===== Data for this exercise =====

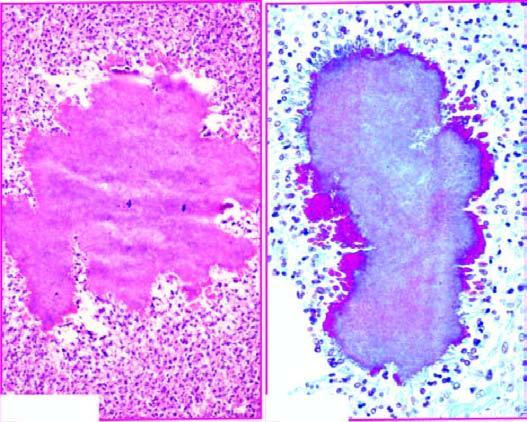does the peripheral zone show hyaline filaments highlighted by masson 's trichrome stain right photomicrograph?
Answer the question using a single word or phrase. No 
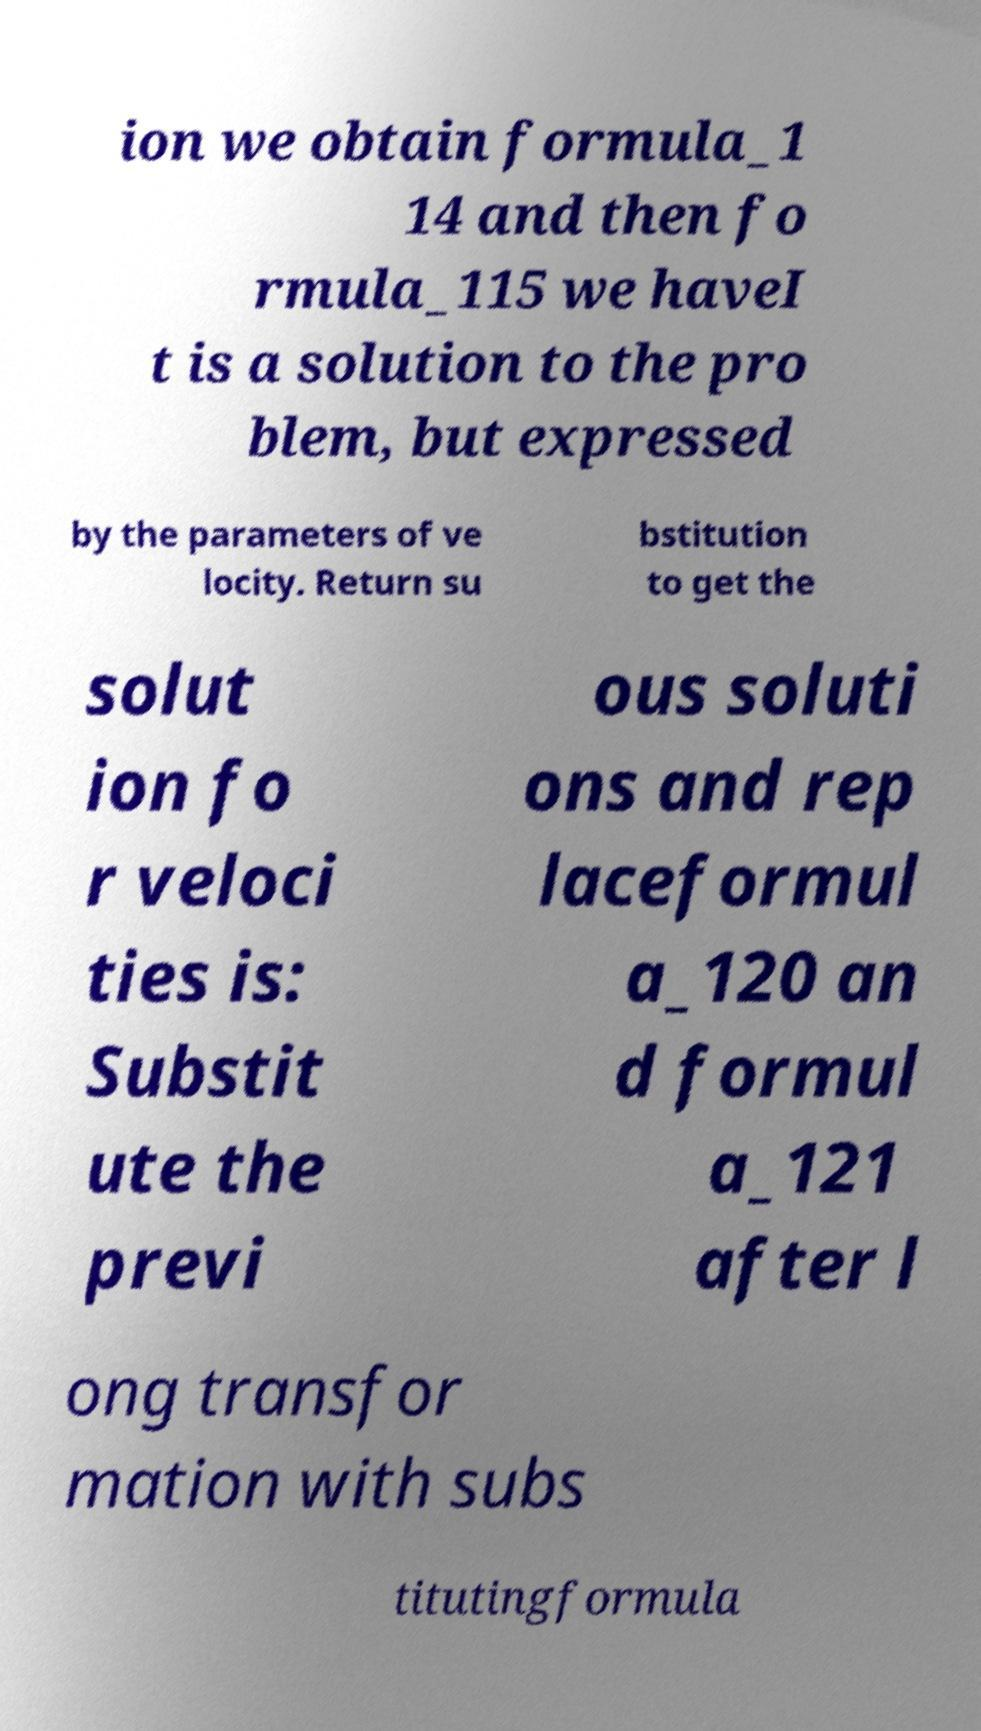I need the written content from this picture converted into text. Can you do that? ion we obtain formula_1 14 and then fo rmula_115 we haveI t is a solution to the pro blem, but expressed by the parameters of ve locity. Return su bstitution to get the solut ion fo r veloci ties is: Substit ute the previ ous soluti ons and rep laceformul a_120 an d formul a_121 after l ong transfor mation with subs titutingformula 
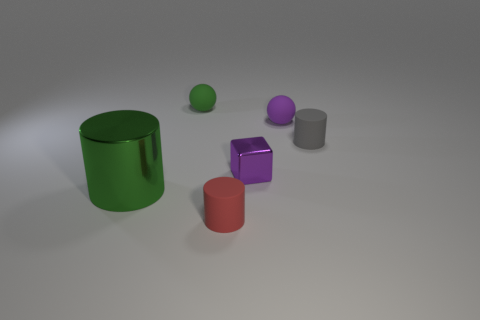Is there a sense of depth in this scene, and if so, how is it created? Depth is suggested in the scene by the size and placement of objects. Those that are larger and closer to the bottom edge of the frame appear closer to the viewer, while smaller objects set higher up and further back seem more distant, creating a sense of three-dimensional space. 
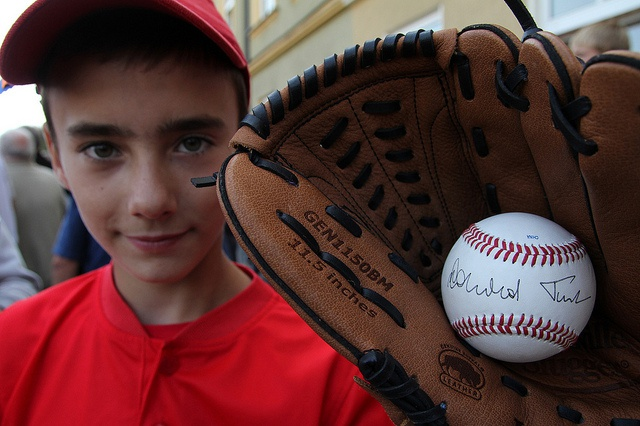Describe the objects in this image and their specific colors. I can see baseball glove in white, black, maroon, brown, and gray tones, people in white, brown, maroon, and black tones, sports ball in white, lightblue, darkgray, and gray tones, people in white, gray, darkgray, and black tones, and people in white, black, gray, navy, and maroon tones in this image. 
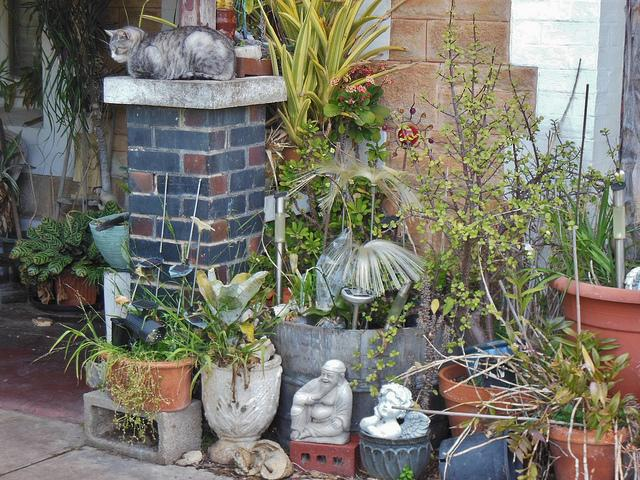What is the little angel in the flower pot called? cherub

=====

### Exercise directions
Word for word, repeat the lines above from the one with "Answer the question" through the one with "I need the written", and nothing beyond them. Omit the pictures.

### Response for this exercise
Answer the question using a single word or phrase. No 
I need the written content from this picture converted into text. Can you do that? ion we obtain formula_1 14 and then fo rmula_115 we haveI t is a solution to the pro blem, but expressed by the parameters of ve locity. Return su bstitution to get the solut ion fo r veloci ties is: Substit ute the previ ous soluti ons and rep laceformul a_120 an d formul a_121 after l ong transfor mation with subs titutingformula 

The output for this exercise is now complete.